Evaluation of the Alkaloids as Inhibitors of Human Acetylcholinesterase by Molecular Docking and ADME Prediction.

Abstract

Background/aim: Alzheimer's disease is a complex, incurable to date, multifactorial disease, which suggests the need for continued development of pharmacotherapy.

Materials and methods: A comprehensive literature search was conducted to identify known ligands with anticholinesterase activity, resulting in the discovery of over 100 alkaloids that are also available in the PubChem database. Subsequently, the ligands underwent molecular docking to evaluate their affinity for the target enzyme. The ligands with the greatest affinity were selected for ligand-based virtual screening.

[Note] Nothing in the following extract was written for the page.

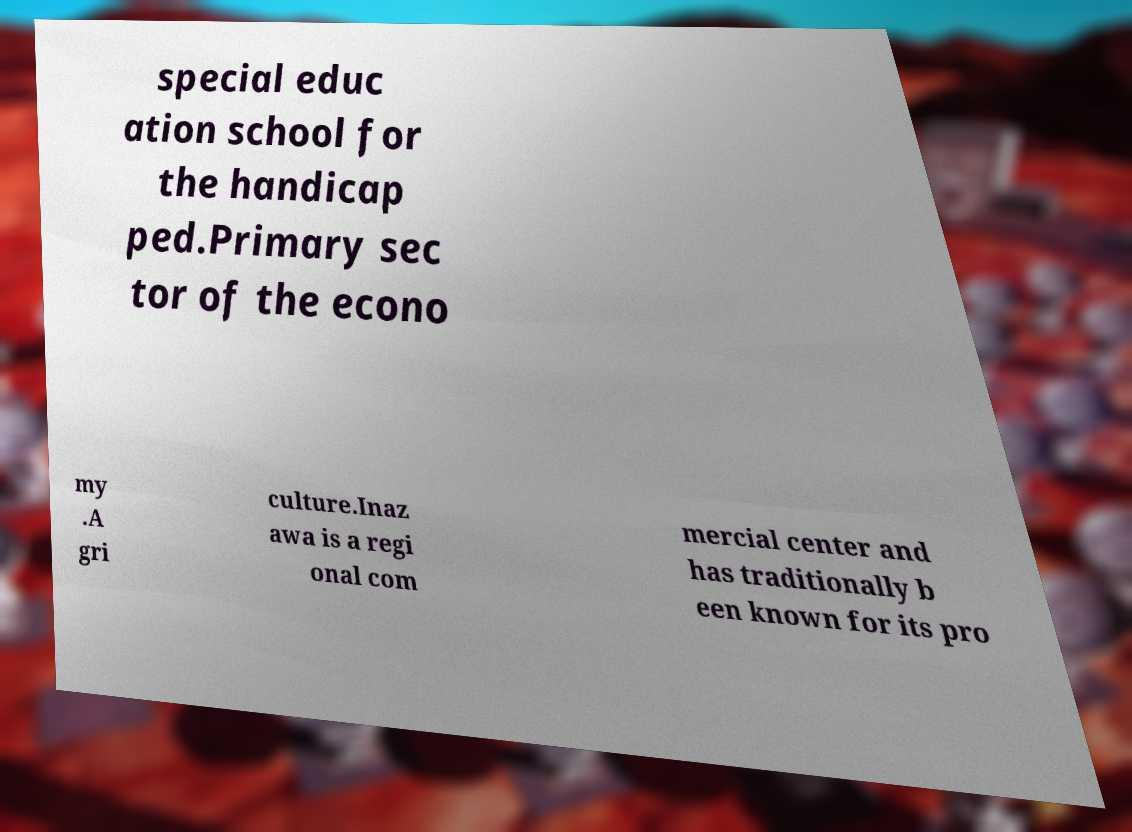Please identify and transcribe the text found in this image. special educ ation school for the handicap ped.Primary sec tor of the econo my .A gri culture.Inaz awa is a regi onal com mercial center and has traditionally b een known for its pro 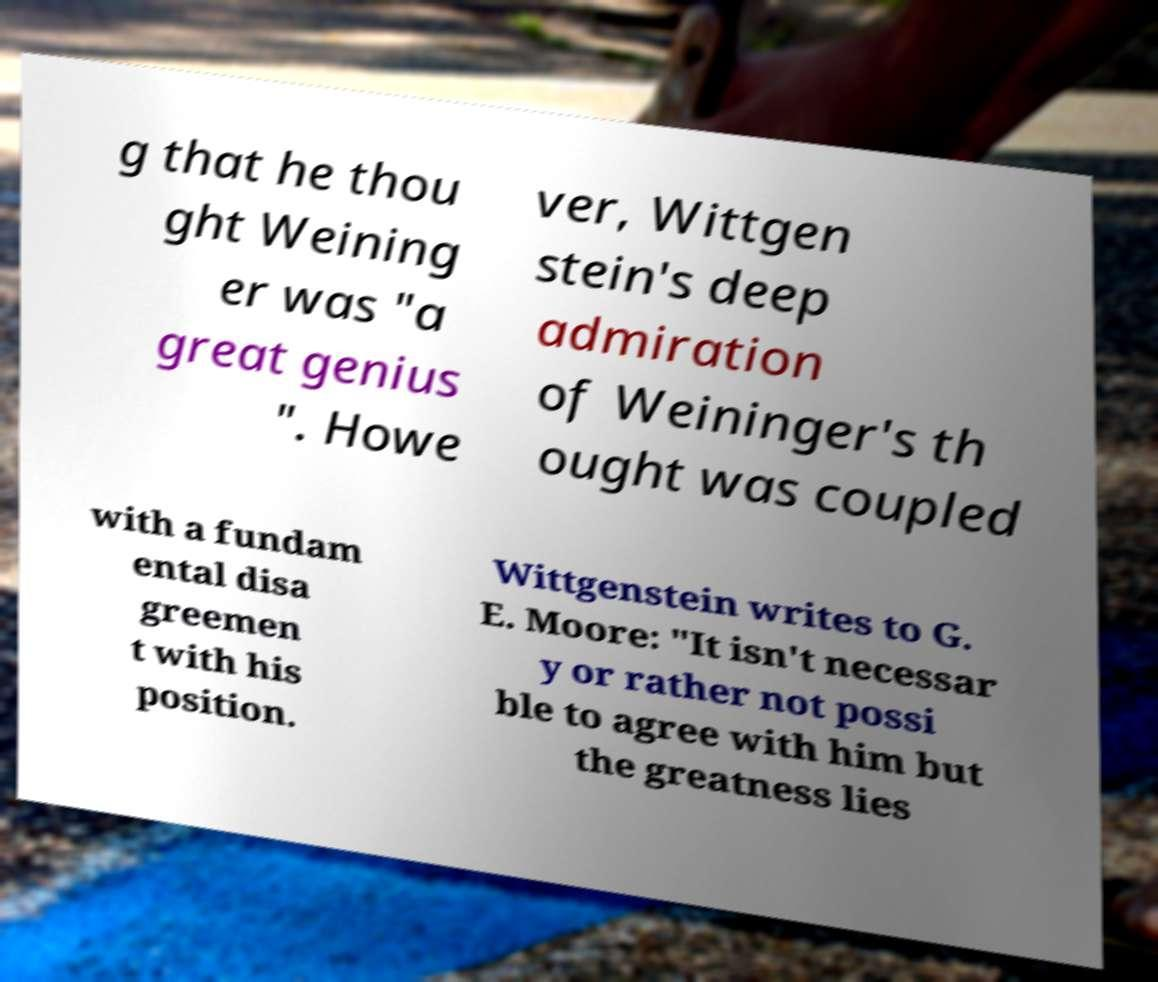Please identify and transcribe the text found in this image. g that he thou ght Weining er was "a great genius ". Howe ver, Wittgen stein's deep admiration of Weininger's th ought was coupled with a fundam ental disa greemen t with his position. Wittgenstein writes to G. E. Moore: "It isn't necessar y or rather not possi ble to agree with him but the greatness lies

Results: Three potential compounds were identified for further investigation: ZINC000055042508, ZINC000096316348, and ZINC000067 446933. Computational models of absorption, distribution, metabolism, and excretion (ADME) properties prediction using SwissADME suggested that ZINC000055042508 and ZINC000067446933 can permeate the blood-brain barrier and exhibit non-substrate behavior with respect to P-glycoprotein. In contrast, the ProTox-III prediction indicated the potential for all three compounds to penetrate the blood-brain barrier.

Conclusion: These alkaloid derivatives warrant further investigation as potential acetylcholinesterase inhibitors for the treatment of Alzheimer's disease.